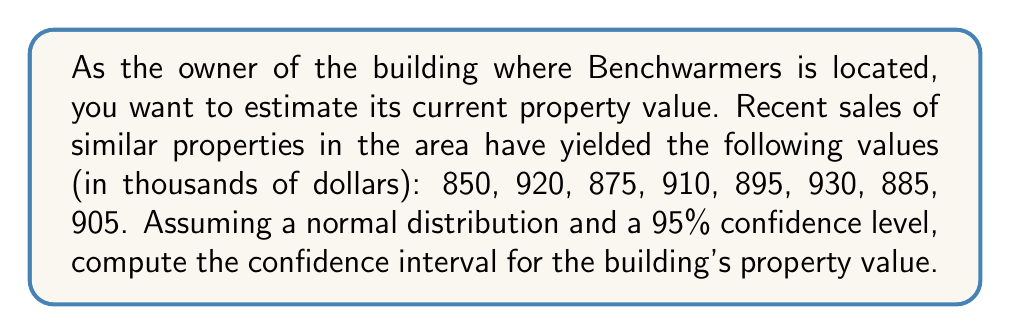Help me with this question. To compute the confidence interval, we'll follow these steps:

1. Calculate the sample mean ($\bar{x}$):
   $$\bar{x} = \frac{850 + 920 + 875 + 910 + 895 + 930 + 885 + 905}{8} = 896.25$$

2. Calculate the sample standard deviation ($s$):
   $$s = \sqrt{\frac{\sum_{i=1}^{n} (x_i - \bar{x})^2}{n-1}}$$
   $$s \approx 26.69$$

3. Determine the critical value ($t$) for a 95% confidence level with 7 degrees of freedom (n-1):
   $t_{0.025,7} = 2.365$ (from t-distribution table)

4. Calculate the margin of error:
   $$\text{Margin of Error} = t \cdot \frac{s}{\sqrt{n}} = 2.365 \cdot \frac{26.69}{\sqrt{8}} \approx 22.29$$

5. Compute the confidence interval:
   $$\text{CI} = \bar{x} \pm \text{Margin of Error}$$
   $$\text{CI} = 896.25 \pm 22.29$$
   $$\text{Lower bound} = 896.25 - 22.29 = 873.96$$
   $$\text{Upper bound} = 896.25 + 22.29 = 918.54$$
Answer: (873.96, 918.54) thousand dollars 
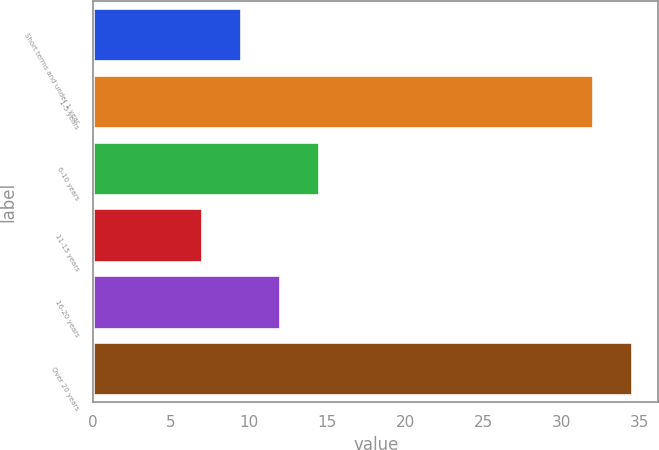Convert chart to OTSL. <chart><loc_0><loc_0><loc_500><loc_500><bar_chart><fcel>Short terms and under 1 year<fcel>1-5 years<fcel>6-10 years<fcel>11-15 years<fcel>16-20 years<fcel>Over 20 years<nl><fcel>9.5<fcel>32<fcel>14.5<fcel>7<fcel>12<fcel>34.5<nl></chart> 
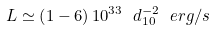<formula> <loc_0><loc_0><loc_500><loc_500>L \simeq \left ( 1 - 6 \right ) 1 0 ^ { 3 3 } \ d _ { 1 0 } ^ { - 2 } \ e r g / s</formula> 
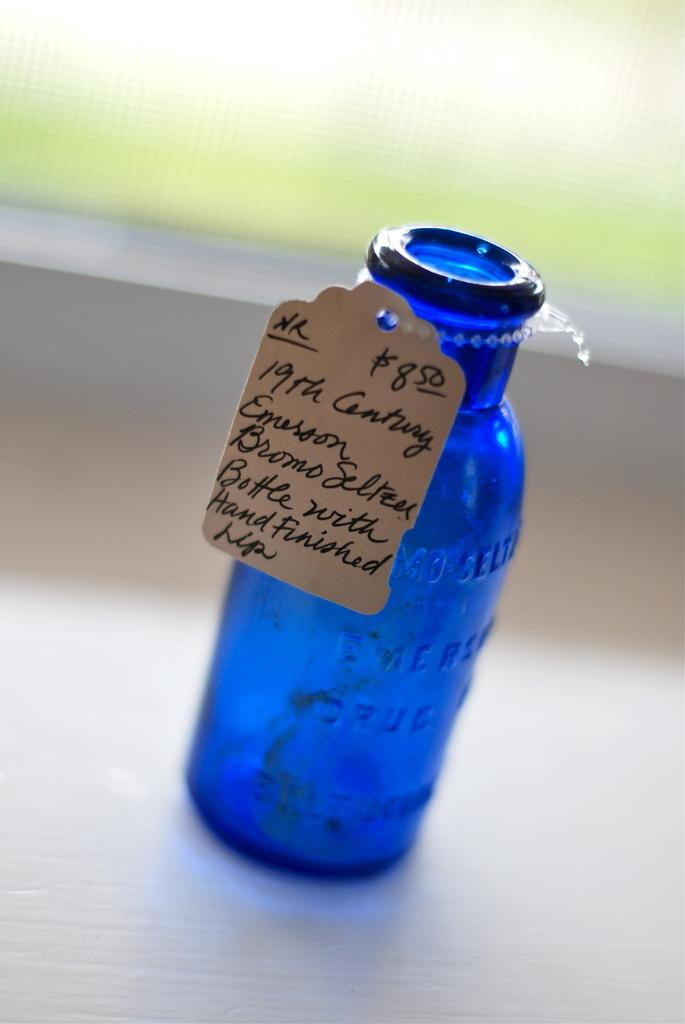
= = = =
What to do
Write all the entries again word for word, minus the pictures.

Your response
Help me with this question. To compute the confidence interval, we'll follow these steps:

1. Calculate the sample mean ($\bar{x}$):
   $$\bar{x} = \frac{850 + 920 + 875 + 910 + 895 + 930 + 885 + 905}{8} = 896.25$$

2. Calculate the sample standard deviation ($s$):
   $$s = \sqrt{\frac{\sum_{i=1}^{n} (x_i - \bar{x})^2}{n-1}}$$
   $$s \approx 26.69$$

3. Determine the critical value ($t$) for a 95% confidence level with 7 degrees of freedom (n-1):
   $t_{0.025,7} = 2.365$ (from t-distribution table)

4. Calculate the margin of error:
   $$\text{Margin of Error} = t \cdot \frac{s}{\sqrt{n}} = 2.365 \cdot \frac{26.69}{\sqrt{8}} \approx 22.29$$

5. Compute the confidence interval:
   $$\text{CI} = \bar{x} \pm \text{Margin of Error}$$
   $$\text{CI} = 896.25 \pm 22.29$$
   $$\text{Lower bound} = 896.25 - 22.29 = 873.96$$
   $$\text{Upper bound} = 896.25 + 22.29 = 918.54$$
Answer: (873.96, 918.54) thousand dollars 
Convert chart to OTSL. <chart><loc_0><loc_0><loc_500><loc_500><bar_chart><fcel>Short terms and under 1 year<fcel>1-5 years<fcel>6-10 years<fcel>11-15 years<fcel>16-20 years<fcel>Over 20 years<nl><fcel>9.5<fcel>32<fcel>14.5<fcel>7<fcel>12<fcel>34.5<nl></chart> 
<formula> <loc_0><loc_0><loc_500><loc_500>L \simeq \left ( 1 - 6 \right ) 1 0 ^ { 3 3 } \ d _ { 1 0 } ^ { - 2 } \ e r g / s</formula> 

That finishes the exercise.